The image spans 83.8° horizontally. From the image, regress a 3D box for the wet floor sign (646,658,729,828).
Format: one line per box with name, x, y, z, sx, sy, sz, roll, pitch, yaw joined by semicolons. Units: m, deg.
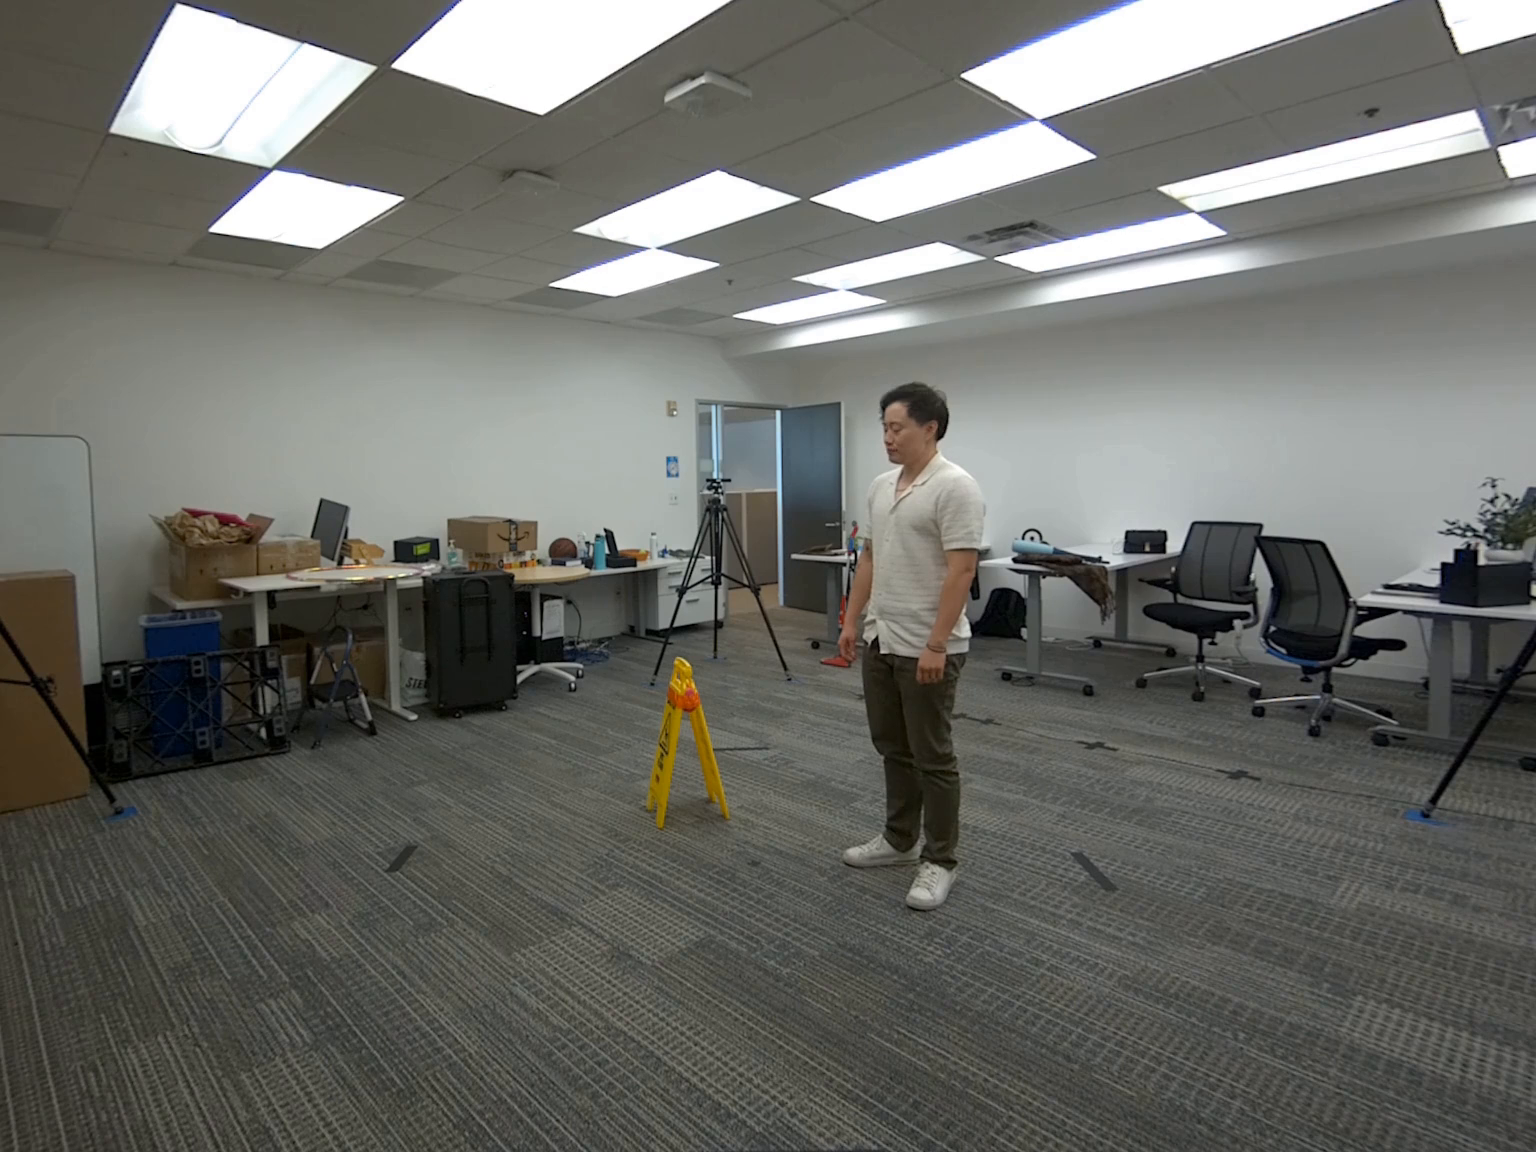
wet floor sign;-0.351;0.673;3.572;0.285;0.644;0.287;-3;3;-18

───

- _EXERCISE REQUIREMENTS_
All lines of the listing must be given again exactly, excluding the pictures.

- _OUTPUT FOR THIS TASK_
The image spans 83.8° horizontally. From the image, regress a 3D box for the wet floor sign (646,658,729,828).
Format: one line per box with name, x, y, z, sx, sy, sz, roll, pitch, yaw joined by semicolons. Units: m, deg.
wet floor sign;-0.351;0.673;3.572;0.285;0.644;0.287;-3;3;-18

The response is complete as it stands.